With this transformed data, the dataset can happily be used with the vanilla pytorch dataloader for batching:

from torch.utils.data import DataLoader
train_dataloader = DataLoader(train_dataset, batch_size=4,
                                                     shuffle=True, num_workers=4)
for batch_nr, batch in enumerate(train_dataloader):
    print(f'batch nr {batch_nr}')
    print(f'The batch is a {type(batch)}')
    print('But its values are pytorch tensors')
    labels = batch['deg_label']
    in_tokens = batch['deg_commands']
    print(labels.shape, in_tokens.shape)
    if batch_nr > 3:
        break
batch nr 0
The batch is a <class 'dict'>
But its values are pytorch tensors
torch.Size([4]) torch.Size([4, 128])
batch nr 1
The batch is a <class 'dict'>
But its values are pytorch tensors
torch.Size([4]) torch.Size([4, 128])
batch nr 2
The batch is a <class 'dict'>
But its values are pytorch tensors
torch.Size([4]) torch.Size([4, 128])
batch nr 3
The batch is a <class 'dict'>
But its values are pytorch tensors
torch.Size([4]) torch.Size([4, 128])
batch nr 4
The batch is a <class 'dict'>
But its values are pytorch tensors
torch.Size([4]) torch.Size([4, 128])

Finally, you can use the nn.Embedding layer as the first layer to the net to get from these integers to one hots (or learned vectors...). For an example, see how they do token embedding with BERT here (it calls out the here)

TODO:

apmcleod commented 5 years ago

lgtm. Made a few changes.

Regarding your TODOs:

-Implement rounding to nearest time_increment in df_to_command_str: DONE -handle cases where there is a longer pause than max_time_shift in df_to_command_str (just output multiple time shift commands in a row: DONE -Overlapping notes mess up the conversion back from commands to df (see issue #20 ): Complex, also see issues #46 and #8.

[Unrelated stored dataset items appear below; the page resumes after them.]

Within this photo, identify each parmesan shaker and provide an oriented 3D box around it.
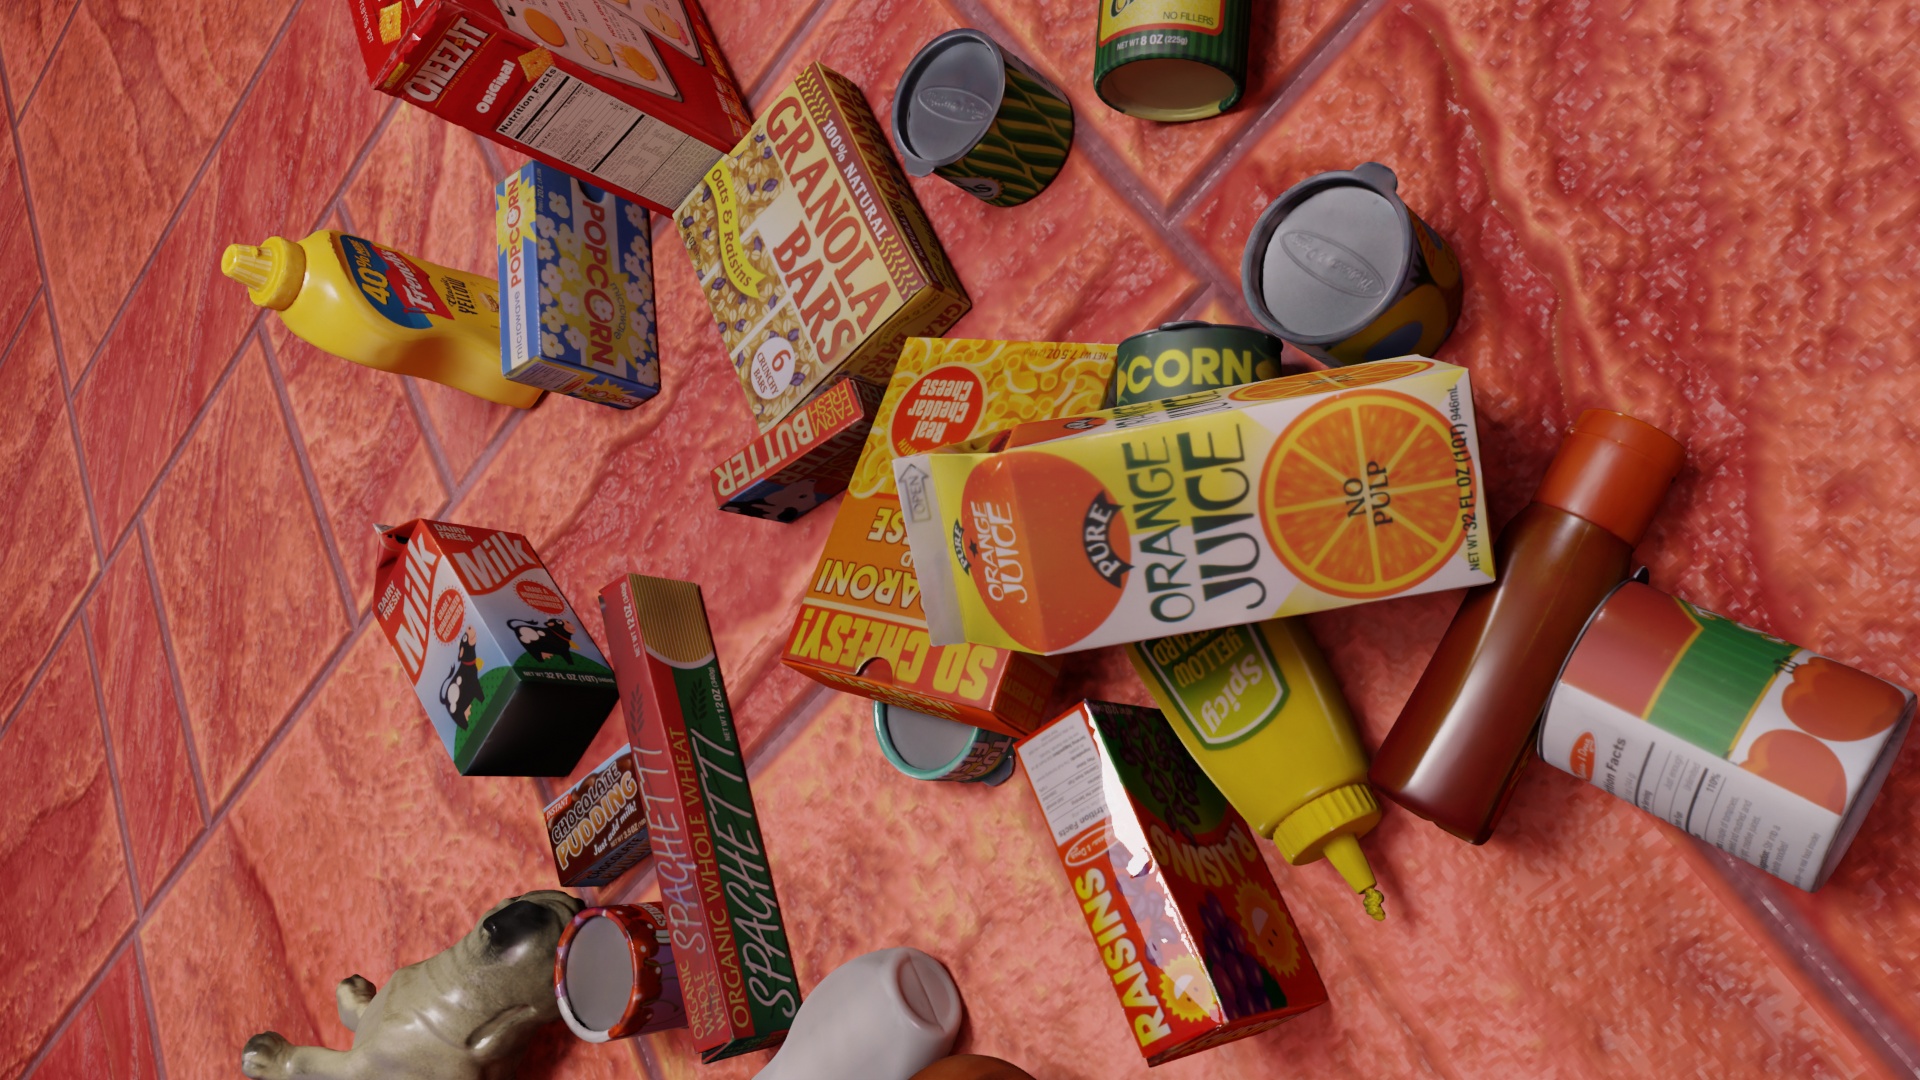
[{"bbox_3d":[0.096,-0.241,0.594,0.071,0.071,0.103,-1,81,38],"label":"parmesan shaker"}]

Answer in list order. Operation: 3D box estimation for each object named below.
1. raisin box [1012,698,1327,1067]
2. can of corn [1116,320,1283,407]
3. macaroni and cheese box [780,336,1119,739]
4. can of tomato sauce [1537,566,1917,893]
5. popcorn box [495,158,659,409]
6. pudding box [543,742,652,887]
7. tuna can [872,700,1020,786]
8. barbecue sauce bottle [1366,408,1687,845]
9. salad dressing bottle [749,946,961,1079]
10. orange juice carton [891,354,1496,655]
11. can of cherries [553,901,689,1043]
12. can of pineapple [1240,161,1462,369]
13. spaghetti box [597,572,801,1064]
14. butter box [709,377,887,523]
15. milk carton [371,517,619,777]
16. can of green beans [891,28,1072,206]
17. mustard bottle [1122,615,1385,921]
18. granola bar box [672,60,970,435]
[{"bbox_3d":[0.078,0.125,0.520,0.040,0.086,0.124,-37,61,25],"label":"raisin box"},{"bbox_3d":[0.094,-0.050,0.552,0.071,0.071,0.058,-6,79,37],"label":"can of corn"},{"bbox_3d":[0.002,-0.008,0.610,0.123,0.040,0.167,8,70,39],"label":"macaroni and cheese box"},{"bbox_3d":[0.234,0.056,0.426,0.083,0.071,0.071,29,99,37],"label":"can of tomato sauce"},{"bbox_3d":[-0.224,-0.147,0.813,0.038,0.085,0.127,-20,70,35],"label":"popcorn box"},{"bbox_3d":[-0.189,0.150,0.760,0.083,0.030,0.050,-36,60,27],"label":"pudding box"},{"bbox_3d":[-0.005,0.078,0.628,0.071,0.033,0.071,-9,75,37],"label":"tuna can"},{"bbox_3d":[0.191,0.028,0.469,0.044,0.065,0.148,29,91,13],"label":"barbecue sauce bottle"},{"bbox_3d":[-0.063,0.243,0.635,0.147,0.044,0.064,-44,58,24],"label":"salad dressing bottle"},{"bbox_3d":[0.076,-0.011,0.484,0.193,0.073,0.071,-10,100,6],"label":"orange juice carton"},{"bbox_3d":[-0.164,0.216,0.709,0.071,0.058,0.071,-8,77,37],"label":"can of cherries"},{"bbox_3d":[0.151,-0.100,0.527,0.071,0.058,0.071,-8,76,37],"label":"can of pineapple"},{"bbox_3d":[-0.134,0.133,0.708,0.028,0.050,0.251,-34,62,30],"label":"spaghetti box"},{"bbox_3d":[-0.071,-0.043,0.692,0.103,0.053,0.024,-30,66,30],"label":"butter box"},{"bbox_3d":[-0.287,0.050,0.831,0.191,0.072,0.073,47,110,35],"label":"milk carton"},{"bbox_3d":[0.011,-0.198,0.656,0.071,0.058,0.071,-8,76,37],"label":"can of green beans"},{"bbox_3d":[0.116,0.069,0.524,0.065,0.049,0.161,-40,59,21],"label":"mustard bottle"},{"bbox_3d":[-0.078,-0.149,0.729,0.124,0.039,0.166,-39,60,25],"label":"granola bar box"}]

I'll let you check over this and complete the pull whenever you're ready. In the meantime I'll branch off of this point and continue working.

JamesOwers commented 5 years ago

Phew, that was a big one. I'm loving this process man, thanks.

I think the most important thing to sort is the overlapping pitches problem. The pipeline for dataset creation and giving an example model should determine what we should do with the --command flag. I think I'm agreed with you now really, I've no idea how people will want to use this data!

apmcleod commented 5 years ago

At the moment, on models branch, I added a --formats flag, which takes: [none, pianoroll, command] (like --datasets), and creates the pytorch Dataset csvs for whichever format you select. By default, all.